> **DIRECTIONS FOR THIS TASK**:
Each record, exactly as written, should be printed again.

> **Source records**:
----------
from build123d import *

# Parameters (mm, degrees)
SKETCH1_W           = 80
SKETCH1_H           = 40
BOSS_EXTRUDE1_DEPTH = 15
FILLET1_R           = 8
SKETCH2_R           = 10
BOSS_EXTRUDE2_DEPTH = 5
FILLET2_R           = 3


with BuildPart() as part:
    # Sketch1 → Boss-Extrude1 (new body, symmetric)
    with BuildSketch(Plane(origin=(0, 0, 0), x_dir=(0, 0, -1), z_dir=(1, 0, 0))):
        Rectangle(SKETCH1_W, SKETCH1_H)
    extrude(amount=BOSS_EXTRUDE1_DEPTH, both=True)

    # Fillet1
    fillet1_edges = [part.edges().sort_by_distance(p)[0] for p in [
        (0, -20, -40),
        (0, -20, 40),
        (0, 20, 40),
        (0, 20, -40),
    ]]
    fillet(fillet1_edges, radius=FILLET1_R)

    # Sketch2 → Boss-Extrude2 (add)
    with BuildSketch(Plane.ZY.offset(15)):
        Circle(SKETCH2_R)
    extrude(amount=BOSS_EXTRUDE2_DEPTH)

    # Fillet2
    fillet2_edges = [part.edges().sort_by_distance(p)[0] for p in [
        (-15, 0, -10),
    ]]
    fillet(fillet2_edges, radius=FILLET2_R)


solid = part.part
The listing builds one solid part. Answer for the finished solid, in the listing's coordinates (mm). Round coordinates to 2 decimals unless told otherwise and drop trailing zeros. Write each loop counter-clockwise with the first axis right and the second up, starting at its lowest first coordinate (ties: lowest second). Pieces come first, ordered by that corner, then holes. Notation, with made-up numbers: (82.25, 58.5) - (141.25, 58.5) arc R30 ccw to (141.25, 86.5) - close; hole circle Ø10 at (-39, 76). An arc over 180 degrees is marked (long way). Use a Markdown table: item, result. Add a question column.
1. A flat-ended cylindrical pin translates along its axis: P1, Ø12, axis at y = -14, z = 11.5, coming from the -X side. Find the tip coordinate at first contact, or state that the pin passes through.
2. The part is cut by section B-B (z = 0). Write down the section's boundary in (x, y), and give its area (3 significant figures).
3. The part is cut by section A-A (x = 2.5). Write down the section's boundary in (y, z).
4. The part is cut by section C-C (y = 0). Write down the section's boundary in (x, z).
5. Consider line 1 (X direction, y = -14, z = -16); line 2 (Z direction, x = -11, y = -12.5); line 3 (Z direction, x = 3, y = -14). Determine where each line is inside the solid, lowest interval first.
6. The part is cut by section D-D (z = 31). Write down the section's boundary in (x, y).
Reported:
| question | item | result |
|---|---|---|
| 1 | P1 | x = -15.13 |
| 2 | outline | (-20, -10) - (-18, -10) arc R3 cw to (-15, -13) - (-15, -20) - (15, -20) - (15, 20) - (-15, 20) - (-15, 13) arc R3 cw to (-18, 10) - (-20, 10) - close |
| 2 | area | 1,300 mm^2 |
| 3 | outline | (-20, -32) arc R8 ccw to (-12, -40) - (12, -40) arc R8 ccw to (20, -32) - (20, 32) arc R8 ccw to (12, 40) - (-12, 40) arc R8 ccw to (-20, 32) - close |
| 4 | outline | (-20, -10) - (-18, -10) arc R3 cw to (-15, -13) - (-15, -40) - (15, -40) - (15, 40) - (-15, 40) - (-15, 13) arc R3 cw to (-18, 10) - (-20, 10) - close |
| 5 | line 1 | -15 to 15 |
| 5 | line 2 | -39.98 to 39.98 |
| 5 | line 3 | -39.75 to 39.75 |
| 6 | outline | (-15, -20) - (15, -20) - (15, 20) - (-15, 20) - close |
----------
> **ANSWER TO THIS EXERCISE**:
from build123d import *

# Parameters (mm, degrees)
SKETCH1_W           = 80
SKETCH1_H           = 40
BOSS_EXTRUDE1_DEPTH = 15
FILLET1_R           = 8
SKETCH2_R           = 10
BOSS_EXTRUDE2_DEPTH = 5
FILLET2_R           = 3


with BuildPart() as part:
    # Sketch1 → Boss-Extrude1 (new body, symmetric)
    with BuildSketch(Plane(origin=(0, 0, 0), x_dir=(0, 0, -1), z_dir=(1, 0, 0))):
        Rectangle(SKETCH1_W, SKETCH1_H)
    extrude(amount=BOSS_EXTRUDE1_DEPTH, both=True)

    # Fillet1
    fillet1_edges = [part.edges().sort_by_distance(p)[0] for p in [
        (0, -20, -40),
        (0, -20, 40),
        (0, 20, 40),
        (0, 20, -40),
    ]]
    fillet(fillet1_edges, radius=FILLET1_R)

    # Sketch2 → Boss-Extrude2 (add)
    with BuildSketch(Plane.ZY.offset(15)):
        Circle(SKETCH2_R)
    extrude(amount=BOSS_EXTRUDE2_DEPTH)

    # Fillet2
    fillet2_edges = [part.edges().sort_by_distance(p)[0] for p in [
        (-15, 0, -10),
    ]]
    fillet(fillet2_edges, radius=FILLET2_R)


solid = part.part
The listing builds one solid part. Answer for the finished solid, in the listing's coordinates (mm). Round coordinates to 2 decimals unless told otherwise and drop trailing zeros. Write each loop counter-clockwise with the first axis right and the second up, starting at its lowest first coordinate (ties: lowest second). Pieces come first, ordered by that corner, then holes. Notation, with made-up numbers: (82.25, 58.5) - (141.25, 58.5) arc R30 ccw to (141.25, 86.5) - close; hole circle Ø10 at (-39, 76). An arc over 180 degrees is marked (long way). Use a Markdown table: item, result. Add a question column.
1. A flat-ended cylindrical pin translates along its axis: P1, Ø12, axis at y = -14, z = 11.5, coming from the -X side. Find the tip coordinate at first contact, or state that the pin passes through.
2. The part is cut by section B-B (z = 0). Write down the section's boundary in (x, y), and give its area (3 significant figures).
3. The part is cut by section A-A (x = 2.5). Write down the section's boundary in (y, z).
4. The part is cut by section C-C (y = 0). Write down the section's boundary in (x, z).
5. Consider line 1 (X direction, y = -14, z = -16); line 2 (Z direction, x = -11, y = -12.5); line 3 (Z direction, x = 3, y = -14). Determine where each line is inside the solid, lowest interval first.
6. The part is cut by section D-D (z = 31). Write down the section's boundary in (x, y).
Reported:
| question | item | result |
|---|---|---|
| 1 | P1 | x = -15.13 |
| 2 | outline | (-20, -10) - (-18, -10) arc R3 cw to (-15, -13) - (-15, -20) - (15, -20) - (15, 20) - (-15, 20) - (-15, 13) arc R3 cw to (-18, 10) - (-20, 10) - close |
| 2 | area | 1,300 mm^2 |
| 3 | outline | (-20, -32) arc R8 ccw to (-12, -40) - (12, -40) arc R8 ccw to (20, -32) - (20, 32) arc R8 ccw to (12, 40) - (-12, 40) arc R8 ccw to (-20, 32) - close |
| 4 | outline | (-20, -10) - (-18, -10) arc R3 cw to (-15, -13) - (-15, -40) - (15, -40) - (15, 40) - (-15, 40) - (-15, 13) arc R3 cw to (-18, 10) - (-20, 10) - close |
| 5 | line 1 | -15 to 15 |
| 5 | line 2 | -39.98 to 39.98 |
| 5 | line 3 | -39.75 to 39.75 |
| 6 | outline | (-15, -20) - (15, -20) - (15, 20) - (-15, 20) - close |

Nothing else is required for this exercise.